Are there things in your life that sometimes cause you to feel dread? Do you have any strategies to add to my list? I always love hearing your perspective and ideas.

You might also enjoy reading “Microburst Your Way to Success,” about how 15 minute bursts of focus can help us accomplish great things.

How about you? Do you ever imagine the worst? I’d love to hear your experiences and coping strategies, so drop a comment below.

Here’s to less dread, imagining the best, and enjoying more peace in the days ahead.

About Eliza Cross

Eliza Cross is the author of 17 books, including Small Bites and 101 Things To Do With Bacon. She shares ideas to simplify cooking, gardening, time and money. She is also the owner of Cross Media, Inc. and founder of the BENSA Bacon Lovers Society.

4 thoughts on “Overcoming Dread: How to Stop Visualizing Bad Things”

  1. I dread really difficult event photo shoots, like a graduation of 5,000 college students I shot last month. I make triple sure I think of every possible scenario, bring way more gear than I need, ask tons of questions of my client, and lose quite a bit of sleep. I have learned this is the process, including the sleepless night, I have to go through. And in the end, all of the prep work makes the shoot a lot easier. I find that dread is just a part of the process.

    • “I find that dread is just part of the process.” This is a brilliant observation, Povy. You’ve learned to harness a positive aspect of dread and use it to be well-prepared. Thanks for sharing this. (I can NOT imagine a photo shoot with 5,000 college students. You are amazing.) xo

  2. Oh yes… the dreaded dread monster! For me, it’s projects where I’m doing something out of my comfort zone and I’m afraid I’m going to really mess it up. I feel physically nauseous throughout the whole ordeal and generally have to talk my way through it… like talking out loud to myself to gear up to face it and then the whole way through I say things like “It’s OK. Remember to breathe. You can do this. If you break it you can always call in a professional.”

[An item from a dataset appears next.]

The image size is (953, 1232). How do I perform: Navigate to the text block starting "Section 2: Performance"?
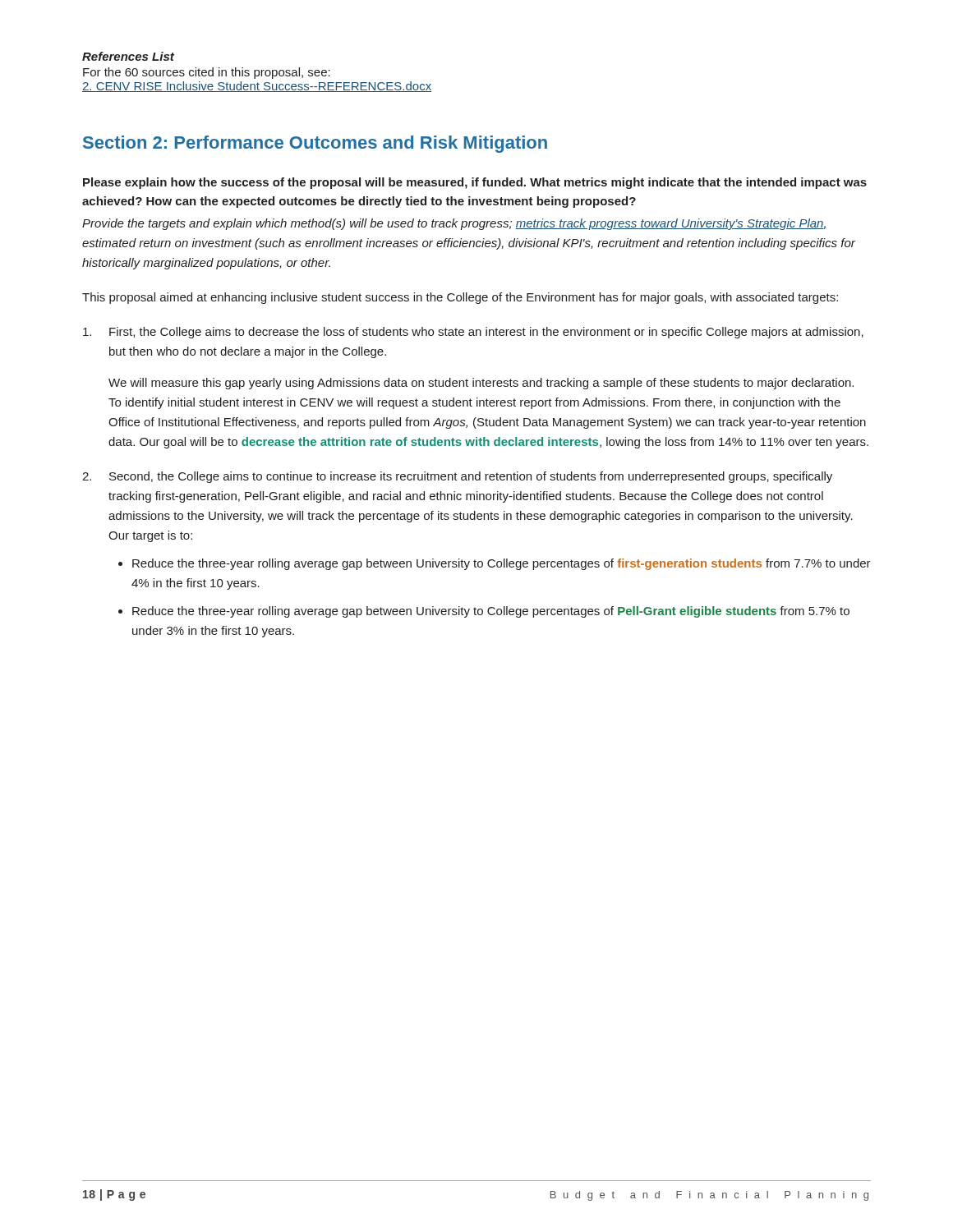315,142
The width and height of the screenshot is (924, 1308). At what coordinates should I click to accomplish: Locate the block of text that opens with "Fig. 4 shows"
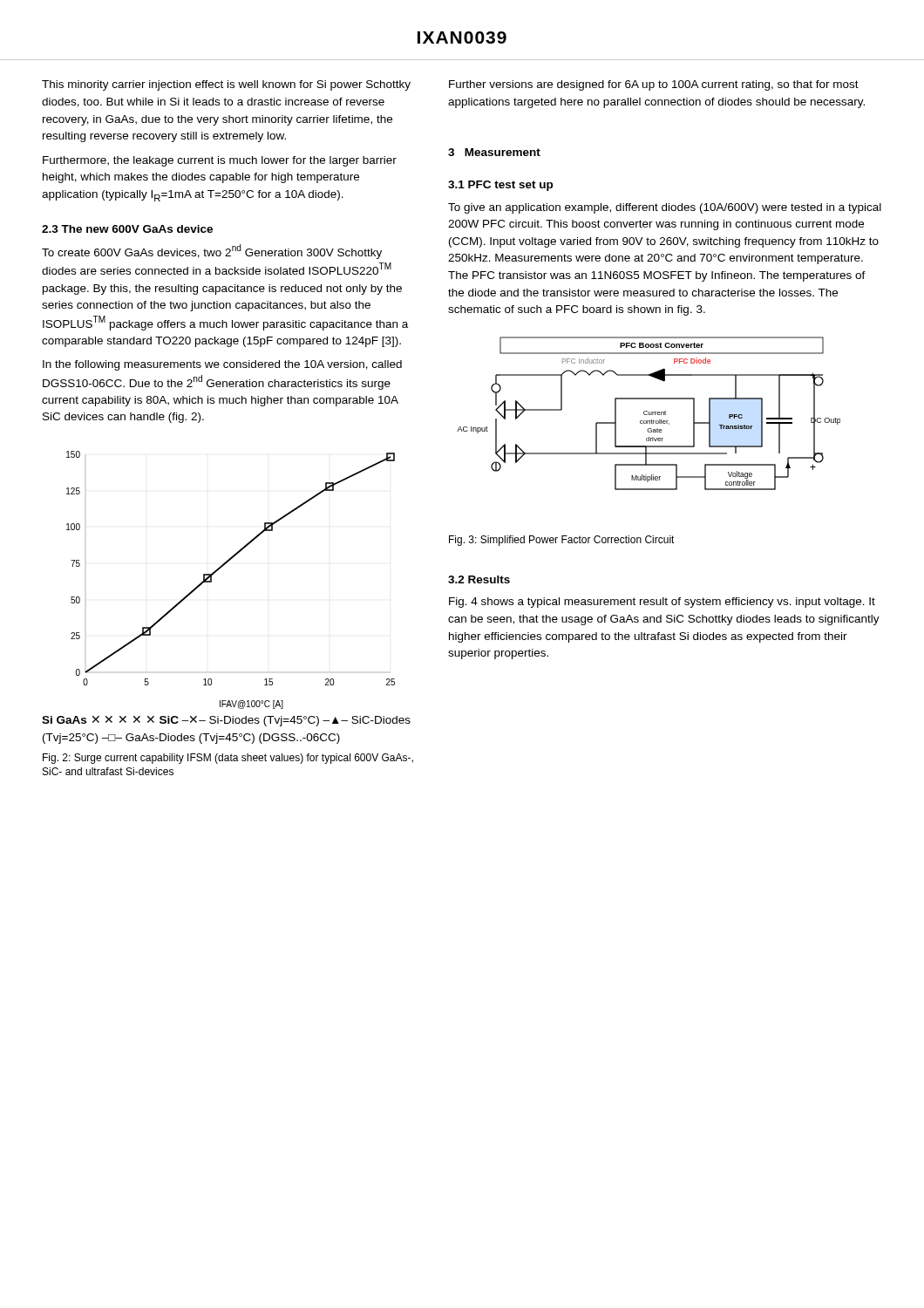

    But now that you mention it… today I replaced a light fixture. This is not something I’d done before and normally it would have completely filled me with dread. But for some reason, it didn’t really feel like that big of a deal today. Honestly, it seemed like the easy way out compared to trying to fix the old one! I don’t know what it means, but I’m gonna take it as evidence of progress! 🙂

  3. When I have something to do like an unpleasant phone call or task, I set a time frame for it. At 11:00 I will make my call or 11:00 is my appointment time with the weeds. I also include it on a list of things I want to accomplish that day. Of course the dreadful thing is always left to last, but crossing it off a list gives you satisfaction that you have accomplished something.